New Bounds for Sparse Variational Gaussian Processes

Published: 01 May 2025, Last Modified: 18 Jun 2025ICML 2025 spotlightposterEveryoneRevisionsBibTeXCC BY 4.0
TL;DR: It presents new collapsed and uncollapsed bounds for sparse variational Gaussian processes using inducing points.
Abstract: Sparse variational Gaussian processes (GPs) construct tractable posterior approximations to GP models. At the core of these methods is the assumption that the true posterior distribution over training function values ${\bf f}$ and inducing variables ${\bf u}$ is approximated by a variational distribution that incorporates the conditional GP prior $p({\bf f} | {\bf u})$ in its factorization. While this assumption is considered as fundamental, we show that for model training we can relax it through the use of a more general variational distribution $q({\bf f} | {\bf u} )$ that depends on $N$ extra parameters, where $N$ is the number of training examples.

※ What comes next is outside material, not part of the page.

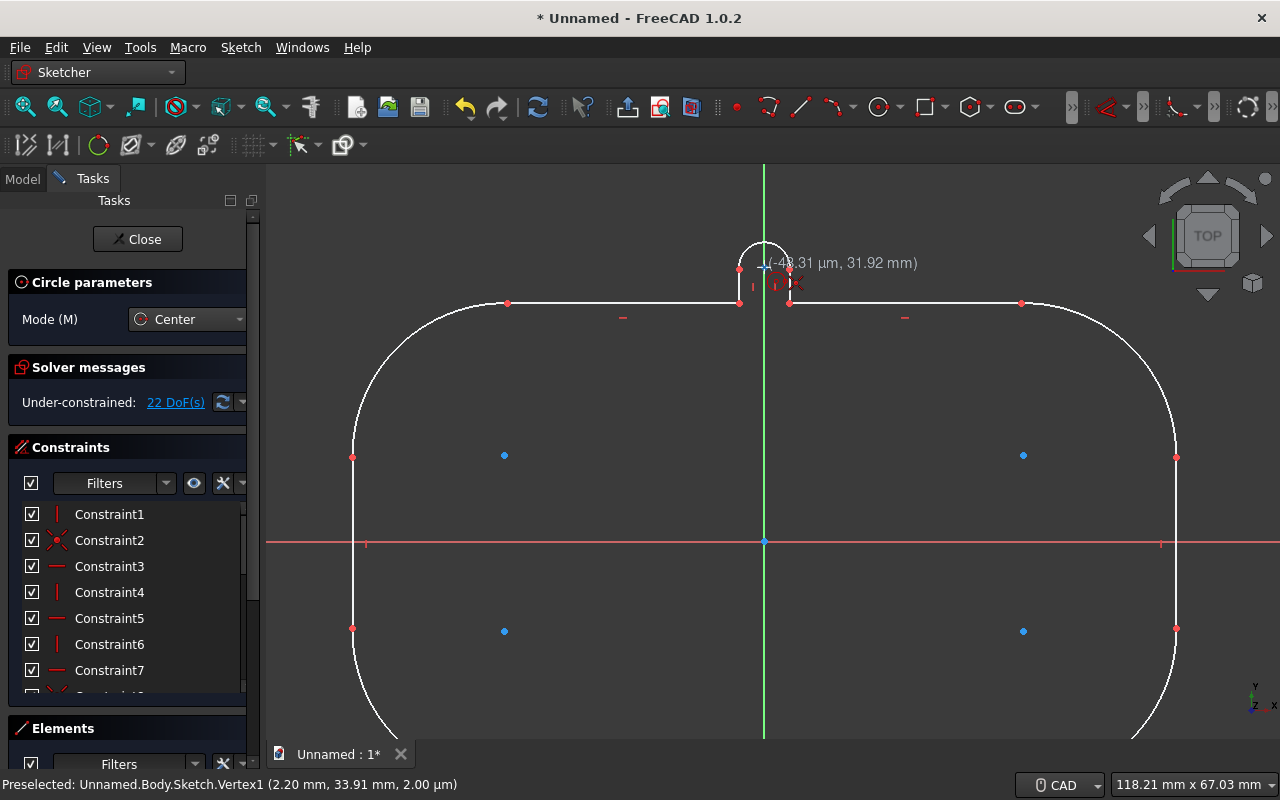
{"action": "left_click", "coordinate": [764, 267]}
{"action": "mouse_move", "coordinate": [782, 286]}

In GP regression, we can analytically optimize the evidence lower bound over the extra parameters and express a tractable collapsed bound that is tighter than the previous bound. The new bound is also amenable to stochastic optimization and its implementation requires minor modifications to existing sparse GP code. Further, we also describe extensions to non-Gaussian likelihoods. On several datasets we demonstrate that our method can reduce bias when learning the hyperparameters and can lead to better predictive performance.
Lay Summary: Modeling uncertainty is one of the key challenges in Machine Learning. For regression and function approximation problems, Gaussian processes (GPs) provide a Bayesian nonparametric (i.e., memory-based) framework to estimate unknown functions by providing also uncertainty estimates. However, the complexity of these models scales cubically with the number of training examples, so for large datasets exact computations are prohibitive. In this work we elaborate on scalable GP methods that construct approximations based on smaller sets of special points called inducing points. More precisely, we improve a certain type of scalable GP method based on a posterior (variational) approximation of the model.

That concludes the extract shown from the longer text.